Records from a collection:
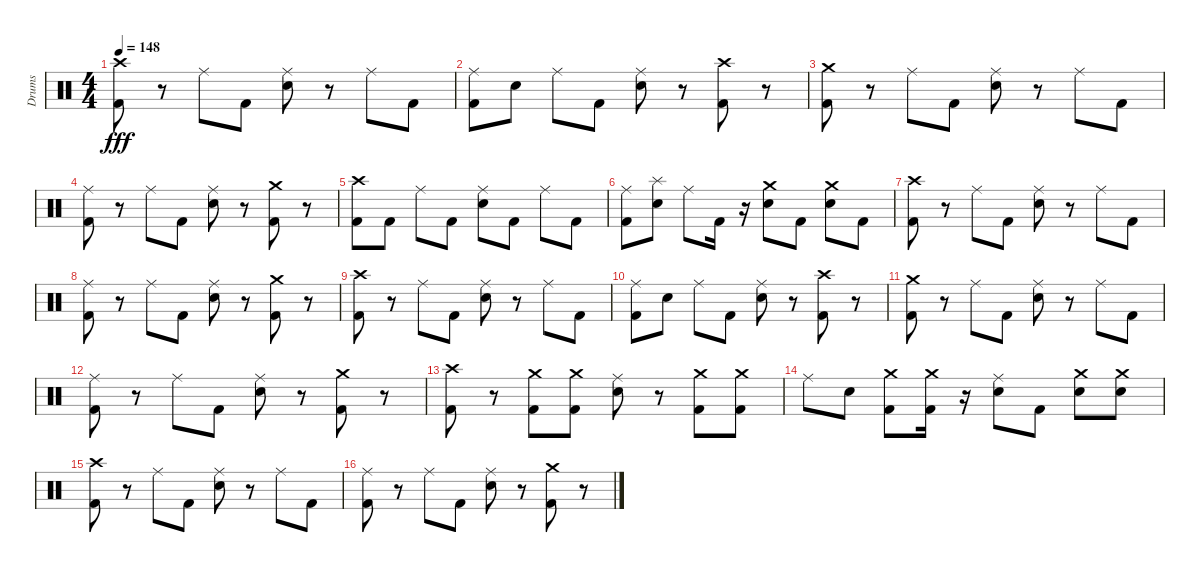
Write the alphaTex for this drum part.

\track ("Drums" "Drums") {instrument percussion}
\staff {score}
\articulation defaults
\ts (4 4)
\tempo 148
\clef neutral
\ks c
("Crash high (hit)" "Kick (hit) 2").8{dy fff} r.8 "Ride (middle)".8 "Kick (hit) 2".8 ("Ride (middle)" "Electric Snare (hit)").8 r.8 "Ride (middle)".8 "Kick (hit) 2".8 |
("Ride (middle)" "Kick (hit) 2").8 "Snare (hit) 2".8 "Ride (middle)".8 "Kick (hit) 2".8 ("Ride (middle)" "Electric Snare (hit)").8 r.8 ("Crash high (hit)" "Kick (hit) 2").8 r.8 |
("Crash medium (hit)" "Kick (hit) 2").8 r.8 "Ride (middle)".8 "Kick (hit) 2".8 ("Ride (middle)" "Electric Snare (hit)").8 r.8 "Ride (middle)".8 "Kick (hit) 2".8 |
("Ride (middle)" "Kick (hit) 2").8 r.8 "Ride (middle)".8 "Kick (hit) 2".8 ("Ride (middle)" "Electric Snare (hit)").8 r.8 ("Crash medium (hit)" "Kick (hit) 2").8 r.8 |
("Crash high (hit)" "Kick (hit) 2").8 "Kick (hit) 2".8 "Ride (middle)".8 "Kick (hit) 2".8 ("Ride (middle)" "Electric Snare (hit)").8 "Kick (hit) 2".8 "Ride (middle)".8 "Kick (hit) 2".8 |
("Ride (middle)" "Kick (hit) 2").8 ("Splash (hit)" "Electric Snare (hit)").8 "Ride (middle)".8 "Kick (hit) 2".16 r.16 ("Crash medium (hit)" "Electric Snare (hit)").8 "Kick (hit) 2".8 ("Crash medium (hit)" "Electric Snare (hit)").8 "Kick (hit) 2".8 |
("Crash high (hit)" "Kick (hit) 2").8 r.8 "Ride (middle)".8 "Kick (hit) 2".8 ("Ride (middle)" "Electric Snare (hit)").8 r.8 "Ride (middle)".8 "Kick (hit) 2".8 |
("Ride (middle)" "Kick (hit) 2").8 r.8 "Ride (middle)".8 "Kick (hit) 2".8 ("Ride (middle)" "Electric Snare (hit)").8 r.8 ("Crash medium (hit)" "Kick (hit) 2").8 r.8 |
("Crash high (hit)" "Kick (hit) 2").8 r.8 "Ride (middle)".8 "Kick (hit) 2".8 ("Ride (middle)" "Electric Snare (hit)").8 r.8 "Ride (middle)".8 "Kick (hit) 2".8 |
("Ride (middle)" "Kick (hit) 2").8 "Snare (hit) 2".8 "Ride (middle)".8 "Kick (hit) 2".8 ("Ride (middle)" "Electric Snare (hit)").8 r.8 ("Crash high (hit)" "Kick (hit) 2").8 r.8 |
("Crash medium (hit)" "Kick (hit) 2").8 r.8 "Ride (middle)".8 "Kick (hit) 2".8 ("Ride (middle)" "Electric Snare (hit)").8 r.8 "Ride (middle)".8 "Kick (hit) 2".8 |
("Ride (middle)" "Kick (hit) 2").8 r.8 "Ride (middle)".8 "Kick (hit) 2".8 ("Ride (middle)" "Electric Snare (hit)").8 r.8 ("Crash medium (hit)" "Kick (hit) 2").8 r.8 |
("Crash high (hit)" "Kick (hit) 2").8 r.8 ("Crash medium (hit)" "Kick (hit) 2").8 ("Crash medium (hit)" "Kick (hit) 2").8 ("Ride (middle)" "Electric Snare (hit)").8 r.8 ("Crash medium (hit)" "Kick (hit) 2").8 ("Crash medium (hit)" "Kick (hit) 2").8 |
"Ride (middle)".8 "Electric Snare (hit)".8 ("Crash medium (hit)" "Kick (hit) 2").8 ("Crash medium (hit)" "Kick (hit) 2").16 r.16 ("Ride (middle)" "Electric Snare (hit)").8 "Kick (hit) 2".8 ("Crash medium (hit)" "Electric Snare (hit)").8 ("Crash medium (hit)" "Electric Snare (hit)").8 |
("Crash high (hit)" "Kick (hit) 2").8 r.8 "Ride (middle)".8 "Kick (hit) 2".8 ("Ride (middle)" "Electric Snare (hit)").8 r.8 "Ride (middle)".8 "Kick (hit) 2".8 |
("Ride (middle)" "Kick (hit) 2").8 r.8 "Ride (middle)".8 "Kick (hit) 2".8 ("Ride (middle)" "Electric Snare (hit)").8 r.8 ("Crash medium (hit)" "Kick (hit) 2").8 r.8

■ Your assignment: Every entry above should come back exactly as written, except for its pictures.

■ Solution:
Write the alphaTex for this drum part.

\track ("Drums" "Drums") {instrument percussion}
\staff {score}
\articulation defaults
\ts (4 4)
\tempo 148
\clef neutral
\ks c
("Crash high (hit)" "Kick (hit) 2").8{dy fff} r.8 "Ride (middle)".8 "Kick (hit) 2".8 ("Ride (middle)" "Electric Snare (hit)").8 r.8 "Ride (middle)".8 "Kick (hit) 2".8 |
("Ride (middle)" "Kick (hit) 2").8 "Snare (hit) 2".8 "Ride (middle)".8 "Kick (hit) 2".8 ("Ride (middle)" "Electric Snare (hit)").8 r.8 ("Crash high (hit)" "Kick (hit) 2").8 r.8 |
("Crash medium (hit)" "Kick (hit) 2").8 r.8 "Ride (middle)".8 "Kick (hit) 2".8 ("Ride (middle)" "Electric Snare (hit)").8 r.8 "Ride (middle)".8 "Kick (hit) 2".8 |
("Ride (middle)" "Kick (hit) 2").8 r.8 "Ride (middle)".8 "Kick (hit) 2".8 ("Ride (middle)" "Electric Snare (hit)").8 r.8 ("Crash medium (hit)" "Kick (hit) 2").8 r.8 |
("Crash high (hit)" "Kick (hit) 2").8 "Kick (hit) 2".8 "Ride (middle)".8 "Kick (hit) 2".8 ("Ride (middle)" "Electric Snare (hit)").8 "Kick (hit) 2".8 "Ride (middle)".8 "Kick (hit) 2".8 |
("Ride (middle)" "Kick (hit) 2").8 ("Splash (hit)" "Electric Snare (hit)").8 "Ride (middle)".8 "Kick (hit) 2".16 r.16 ("Crash medium (hit)" "Electric Snare (hit)").8 "Kick (hit) 2".8 ("Crash medium (hit)" "Electric Snare (hit)").8 "Kick (hit) 2".8 |
("Crash high (hit)" "Kick (hit) 2").8 r.8 "Ride (middle)".8 "Kick (hit) 2".8 ("Ride (middle)" "Electric Snare (hit)").8 r.8 "Ride (middle)".8 "Kick (hit) 2".8 |
("Ride (middle)" "Kick (hit) 2").8 r.8 "Ride (middle)".8 "Kick (hit) 2".8 ("Ride (middle)" "Electric Snare (hit)").8 r.8 ("Crash medium (hit)" "Kick (hit) 2").8 r.8 |
("Crash high (hit)" "Kick (hit) 2").8 r.8 "Ride (middle)".8 "Kick (hit) 2".8 ("Ride (middle)" "Electric Snare (hit)").8 r.8 "Ride (middle)".8 "Kick (hit) 2".8 |
("Ride (middle)" "Kick (hit) 2").8 "Snare (hit) 2".8 "Ride (middle)".8 "Kick (hit) 2".8 ("Ride (middle)" "Electric Snare (hit)").8 r.8 ("Crash high (hit)" "Kick (hit) 2").8 r.8 |
("Crash medium (hit)" "Kick (hit) 2").8 r.8 "Ride (middle)".8 "Kick (hit) 2".8 ("Ride (middle)" "Electric Snare (hit)").8 r.8 "Ride (middle)".8 "Kick (hit) 2".8 |
("Ride (middle)" "Kick (hit) 2").8 r.8 "Ride (middle)".8 "Kick (hit) 2".8 ("Ride (middle)" "Electric Snare (hit)").8 r.8 ("Crash medium (hit)" "Kick (hit) 2").8 r.8 |
("Crash high (hit)" "Kick (hit) 2").8 r.8 ("Crash medium (hit)" "Kick (hit) 2").8 ("Crash medium (hit)" "Kick (hit) 2").8 ("Ride (middle)" "Electric Snare (hit)").8 r.8 ("Crash medium (hit)" "Kick (hit) 2").8 ("Crash medium (hit)" "Kick (hit) 2").8 |
"Ride (middle)".8 "Electric Snare (hit)".8 ("Crash medium (hit)" "Kick (hit) 2").8 ("Crash medium (hit)" "Kick (hit) 2").16 r.16 ("Ride (middle)" "Electric Snare (hit)").8 "Kick (hit) 2".8 ("Crash medium (hit)" "Electric Snare (hit)").8 ("Crash medium (hit)" "Electric Snare (hit)").8 |
("Crash high (hit)" "Kick (hit) 2").8 r.8 "Ride (middle)".8 "Kick (hit) 2".8 ("Ride (middle)" "Electric Snare (hit)").8 r.8 "Ride (middle)".8 "Kick (hit) 2".8 |
("Ride (middle)" "Kick (hit) 2").8 r.8 "Ride (middle)".8 "Kick (hit) 2".8 ("Ride (middle)" "Electric Snare (hit)").8 r.8 ("Crash medium (hit)" "Kick (hit) 2").8 r.8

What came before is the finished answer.